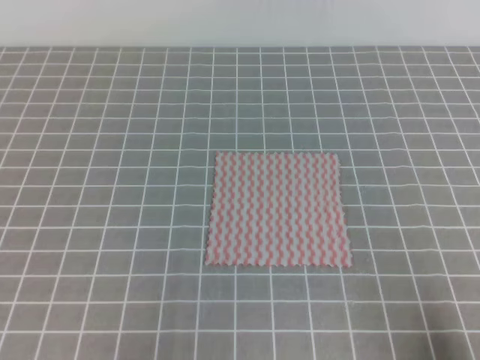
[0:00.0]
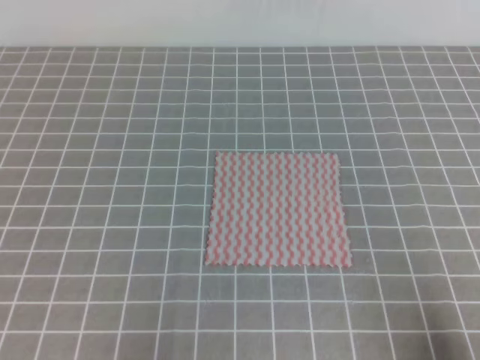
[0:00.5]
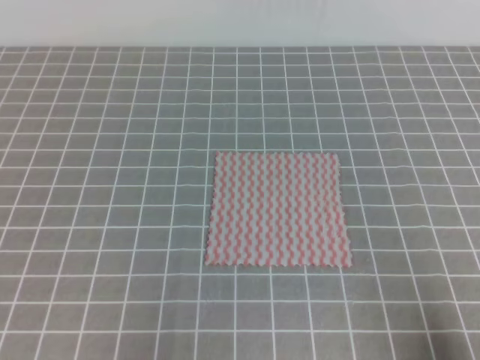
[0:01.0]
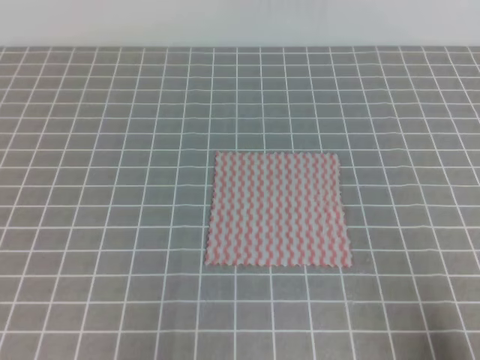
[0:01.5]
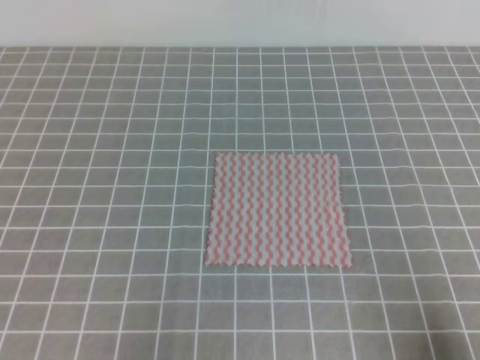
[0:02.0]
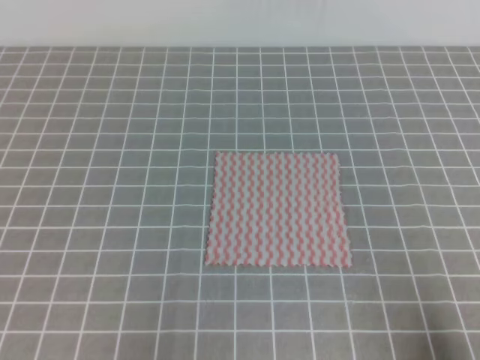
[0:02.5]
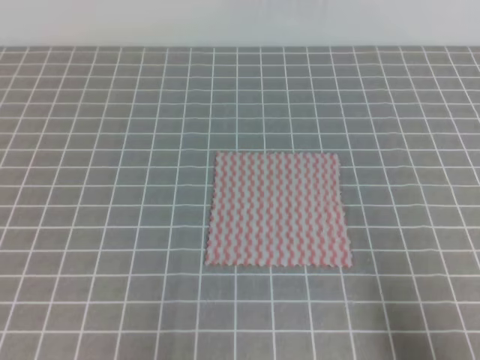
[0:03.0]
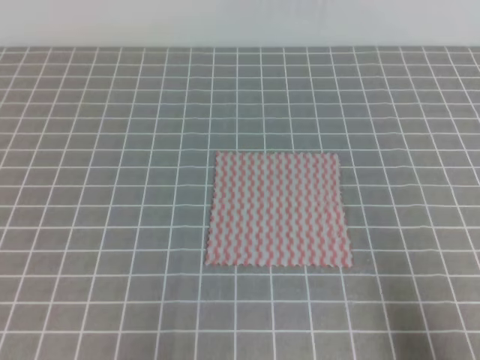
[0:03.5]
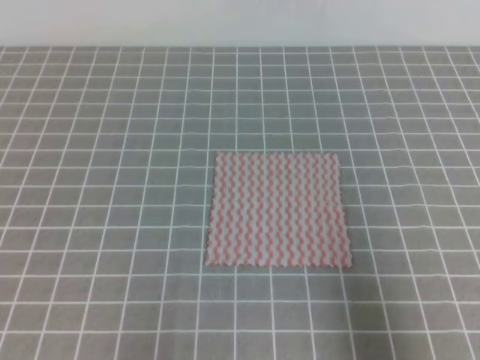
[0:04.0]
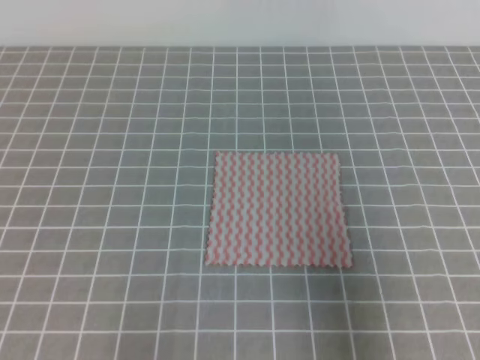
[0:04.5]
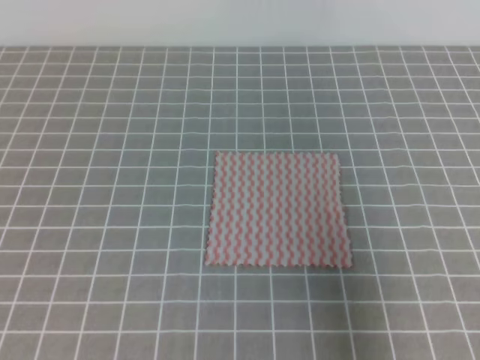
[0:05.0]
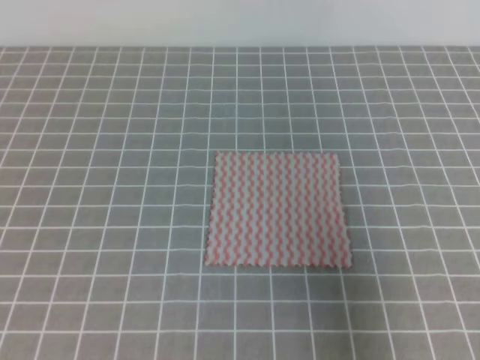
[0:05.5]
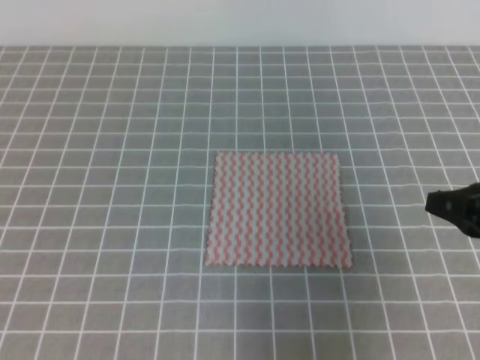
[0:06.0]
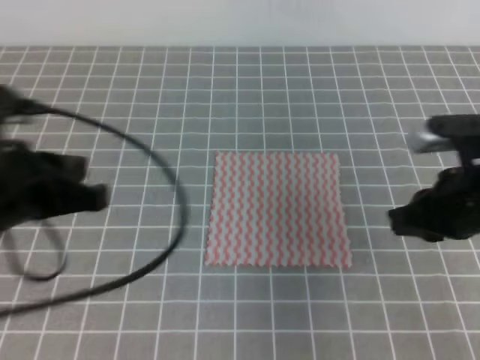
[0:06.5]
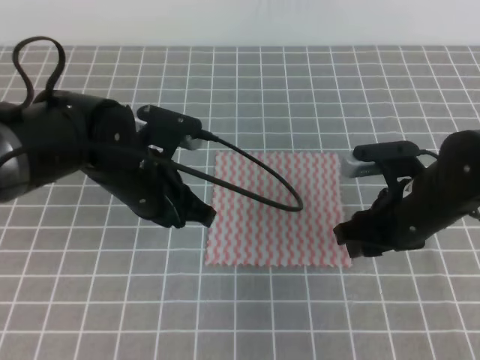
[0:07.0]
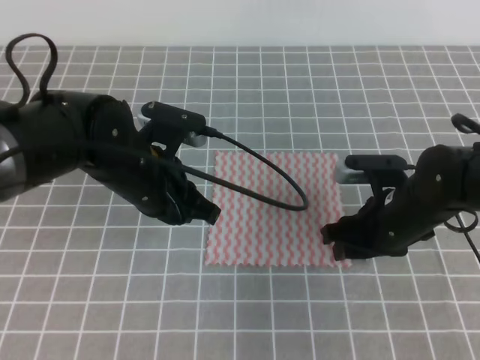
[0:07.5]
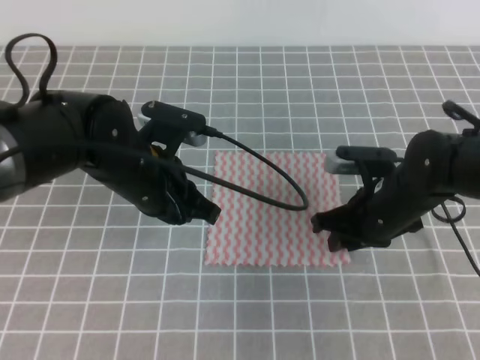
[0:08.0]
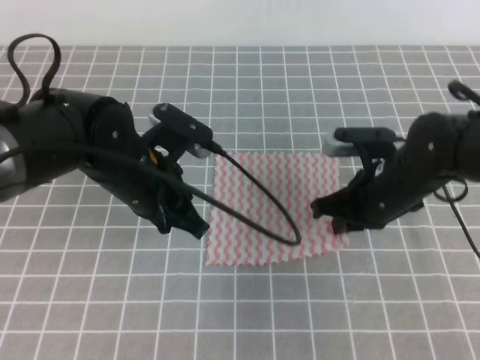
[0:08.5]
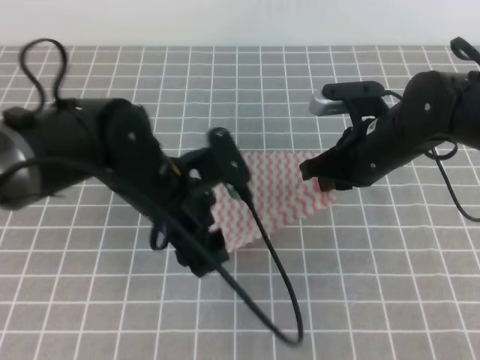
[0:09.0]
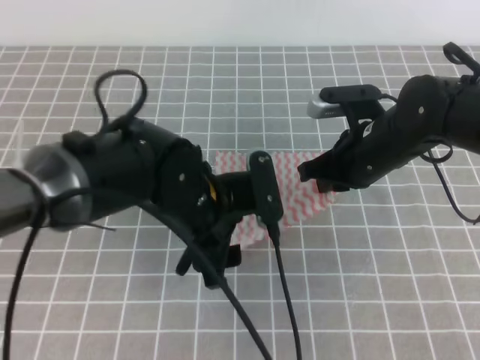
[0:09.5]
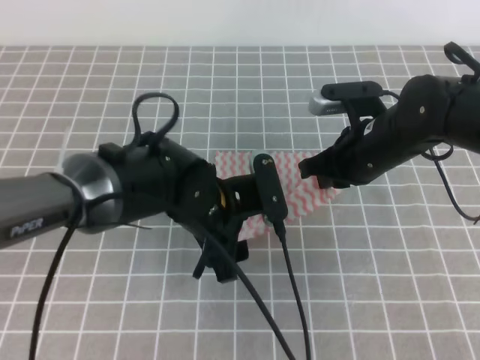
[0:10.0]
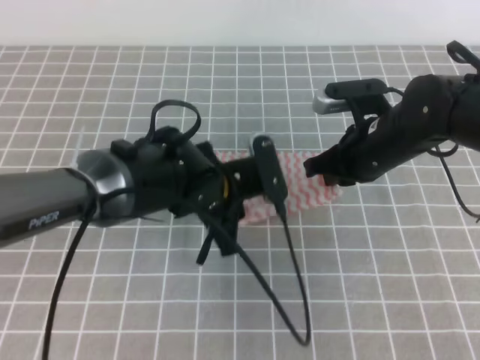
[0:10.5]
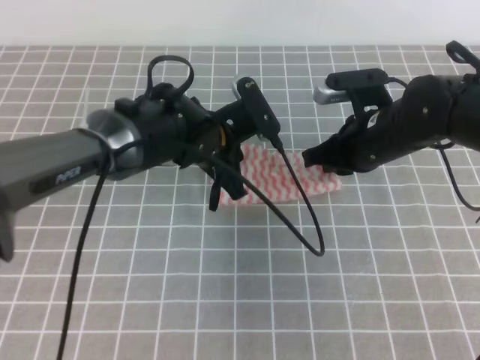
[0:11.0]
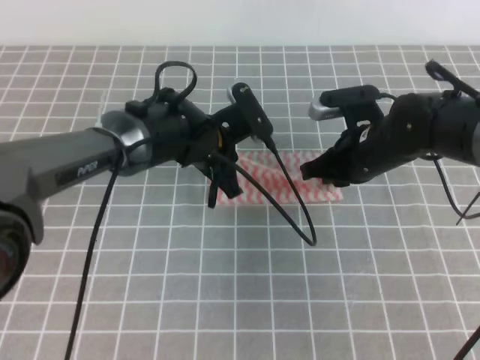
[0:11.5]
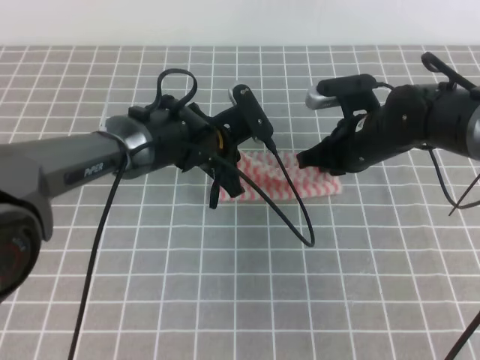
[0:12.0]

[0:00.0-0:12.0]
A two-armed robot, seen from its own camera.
Step, 0:00.0 to 0:08.0: Fold the towel upwards with the both gripper.
Step, 0:08.5 to 0:10.5: Fold the towel from right to left with the right gripper.
0:00.0 to 0:02.0: Neither gripper changes place.
0:02.0 to 0:04.0: The right gripper is displaced upward by roughly 10 cm.
0:04.0 to 0:06.0: The right gripper heads forward, covering approximately 15 cm, while the left gripper shifts about 10 cm upward.
0:06.0 to 0:08.0: The right gripper travels to the left, forward and downward by about 15 cm, and opens. Meanwhile the left gripper goes approximately 30 cm forward and to the right.
0:08.0 to 0:10.0: The right gripper moves upward, roughly 5 cm, and closes up. Meanwhile the left gripper goes about 5 cm to the right, and opens its fingers.
0:10.0 to 0:12.0: The left gripper shifts some 10 cm forward, and closes its fingers.

# [Exercise instructions]
For the data above, return an exact copy that contains no pictures.

# [Answer below]
[0:00.0]
[0:00.5]
[0:01.0]
[0:01.5]
[0:02.0]
[0:02.5]
[0:03.0]
[0:03.5]
[0:04.0]
[0:04.5]
[0:05.0]
[0:05.5]
[0:06.0]
[0:06.5]
[0:07.0]
[0:07.5]
[0:08.0]
[0:08.5]
[0:09.0]
[0:09.5]
[0:10.0]
[0:10.5]
[0:11.0]
[0:11.5]
[0:12.0]

[0:00.0-0:12.0]
A two-armed robot, seen from its own camera.
Step, 0:00.0 to 0:08.0: Fold the towel upwards with the both gripper.
Step, 0:08.5 to 0:10.5: Fold the towel from right to left with the right gripper.
0:00.0 to 0:02.0: Neither gripper changes place.
0:02.0 to 0:04.0: The right gripper is displaced upward by roughly 10 cm.
0:04.0 to 0:06.0: The right gripper heads forward, covering approximately 15 cm, while the left gripper shifts about 10 cm upward.
0:06.0 to 0:08.0: The right gripper travels to the left, forward and downward by about 15 cm, and opens. Meanwhile the left gripper goes approximately 30 cm forward and to the right.
0:08.0 to 0:10.0: The right gripper moves upward, roughly 5 cm, and closes up. Meanwhile the left gripper goes about 5 cm to the right, and opens its fingers.
0:10.0 to 0:12.0: The left gripper shifts some 10 cm forward, and closes its fingers.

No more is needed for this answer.